## Required action
Transcribe the stretch of entries below from the line with "#2 forklift <box>1367,0,1919,758</box>" through the line with "#7 rack shelf <box>829,132,1029,359</box>", exactly and with both ends included; leave out all other lines.

Start of Block

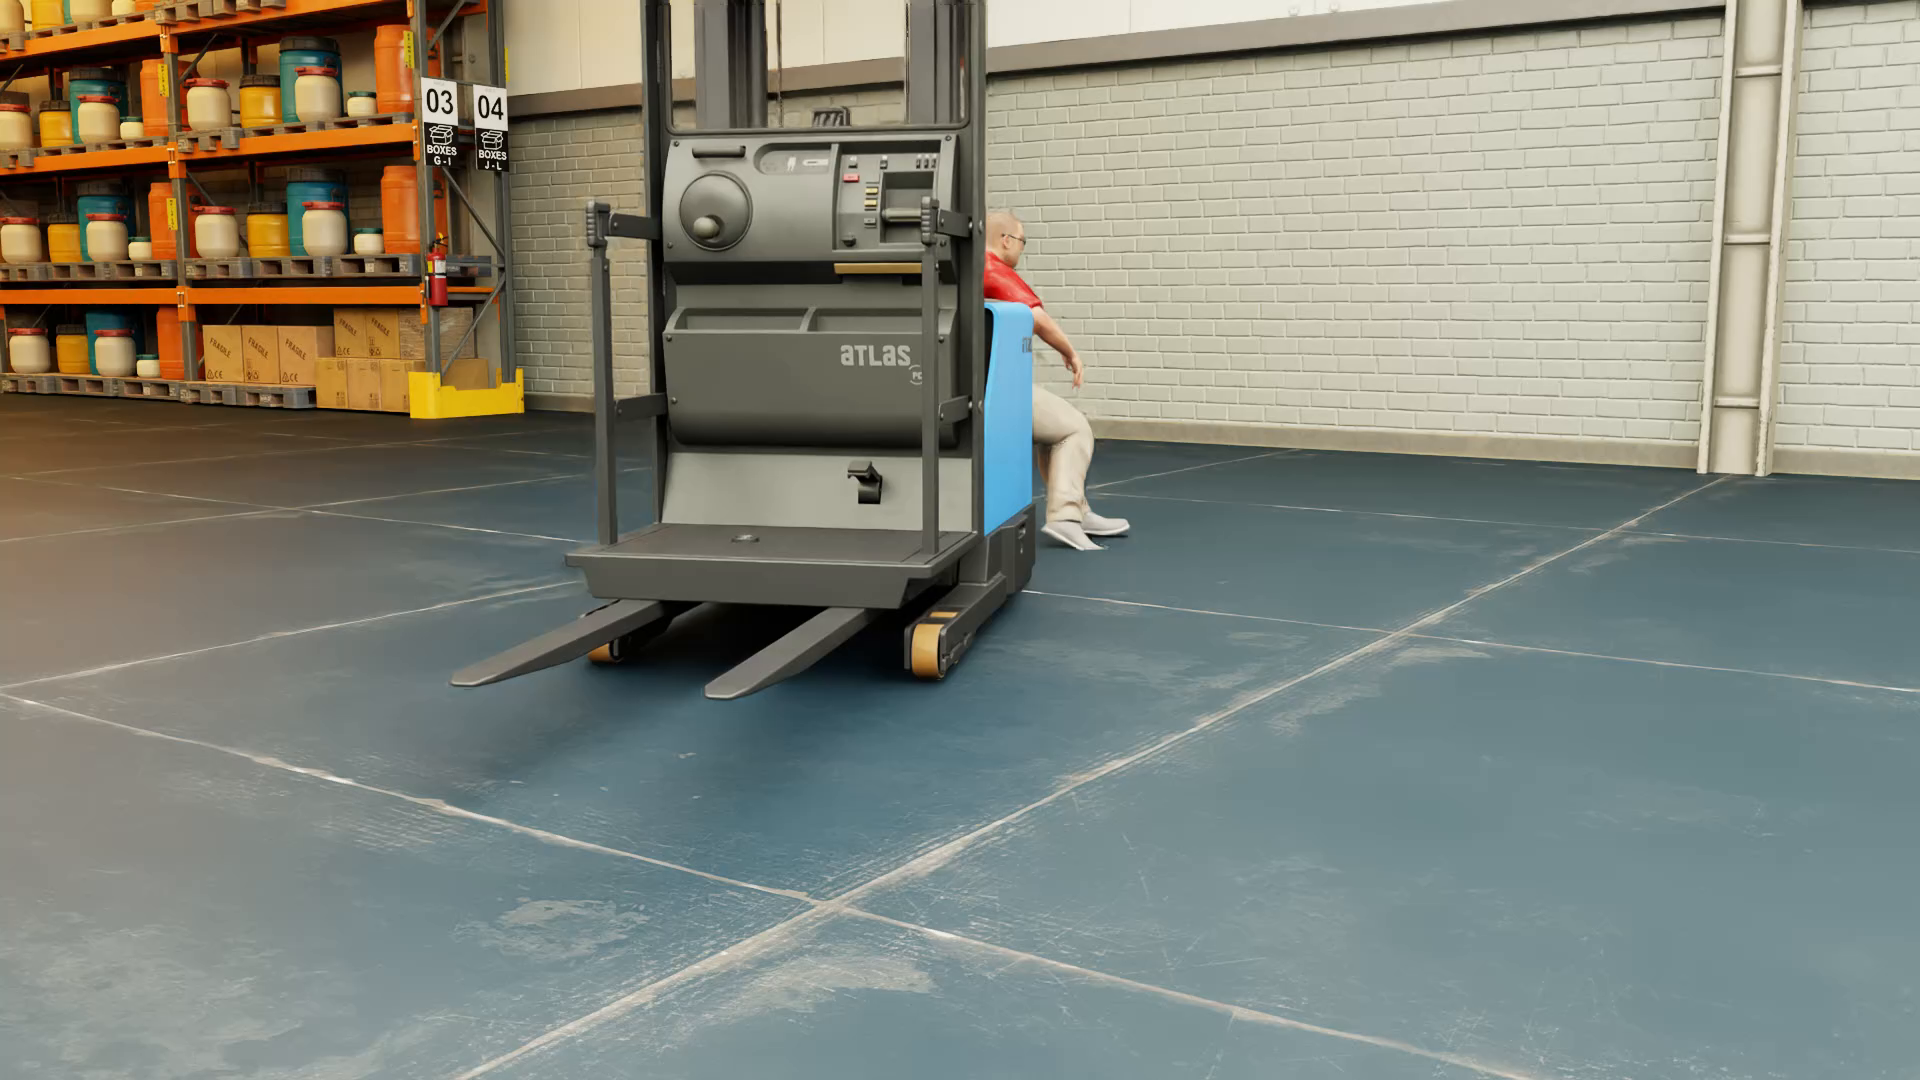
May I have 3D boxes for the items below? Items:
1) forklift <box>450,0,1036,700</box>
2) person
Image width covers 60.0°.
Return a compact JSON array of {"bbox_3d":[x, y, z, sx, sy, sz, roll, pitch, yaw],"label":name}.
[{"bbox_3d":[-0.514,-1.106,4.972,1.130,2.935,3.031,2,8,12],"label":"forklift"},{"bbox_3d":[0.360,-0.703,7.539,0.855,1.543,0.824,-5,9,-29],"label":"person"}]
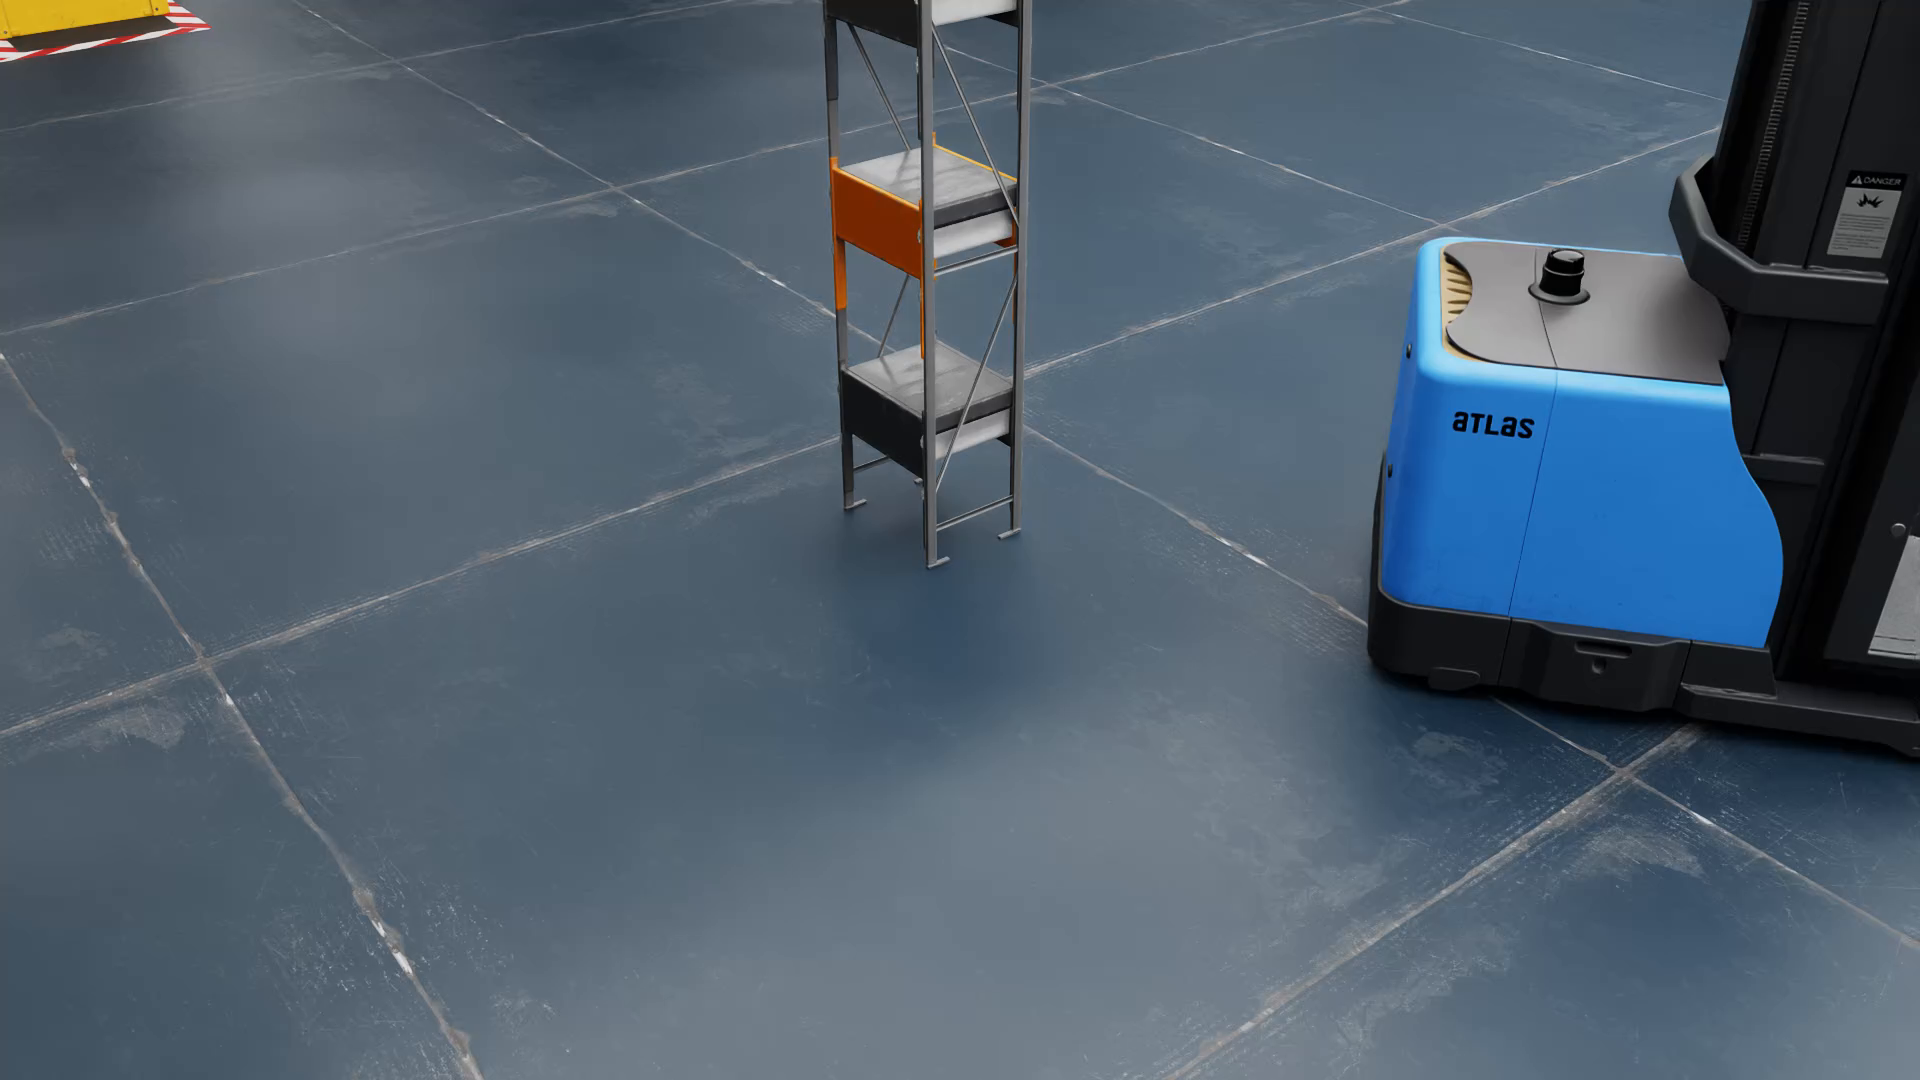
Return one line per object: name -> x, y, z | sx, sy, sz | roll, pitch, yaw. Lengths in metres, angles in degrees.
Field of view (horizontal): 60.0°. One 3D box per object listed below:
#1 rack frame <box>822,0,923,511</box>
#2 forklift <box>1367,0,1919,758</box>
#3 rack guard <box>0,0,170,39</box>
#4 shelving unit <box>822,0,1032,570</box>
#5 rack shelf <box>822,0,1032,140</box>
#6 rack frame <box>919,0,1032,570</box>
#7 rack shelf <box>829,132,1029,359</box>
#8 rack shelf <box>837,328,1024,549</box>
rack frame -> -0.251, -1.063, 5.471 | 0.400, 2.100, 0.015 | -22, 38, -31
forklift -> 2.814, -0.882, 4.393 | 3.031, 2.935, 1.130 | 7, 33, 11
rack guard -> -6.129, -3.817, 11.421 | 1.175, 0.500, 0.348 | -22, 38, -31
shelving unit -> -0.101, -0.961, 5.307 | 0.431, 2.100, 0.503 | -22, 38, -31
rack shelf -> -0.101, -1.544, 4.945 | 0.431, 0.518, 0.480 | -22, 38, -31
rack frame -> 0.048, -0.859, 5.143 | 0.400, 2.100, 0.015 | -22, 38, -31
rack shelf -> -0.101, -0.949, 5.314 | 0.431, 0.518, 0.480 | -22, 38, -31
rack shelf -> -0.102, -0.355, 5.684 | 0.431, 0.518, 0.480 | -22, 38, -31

End of Block

## Task output
#2 forklift <box>1367,0,1919,758</box>
#3 rack guard <box>0,0,170,39</box>
#4 shelving unit <box>822,0,1032,570</box>
#5 rack shelf <box>822,0,1032,140</box>
#6 rack frame <box>919,0,1032,570</box>
#7 rack shelf <box>829,132,1029,359</box>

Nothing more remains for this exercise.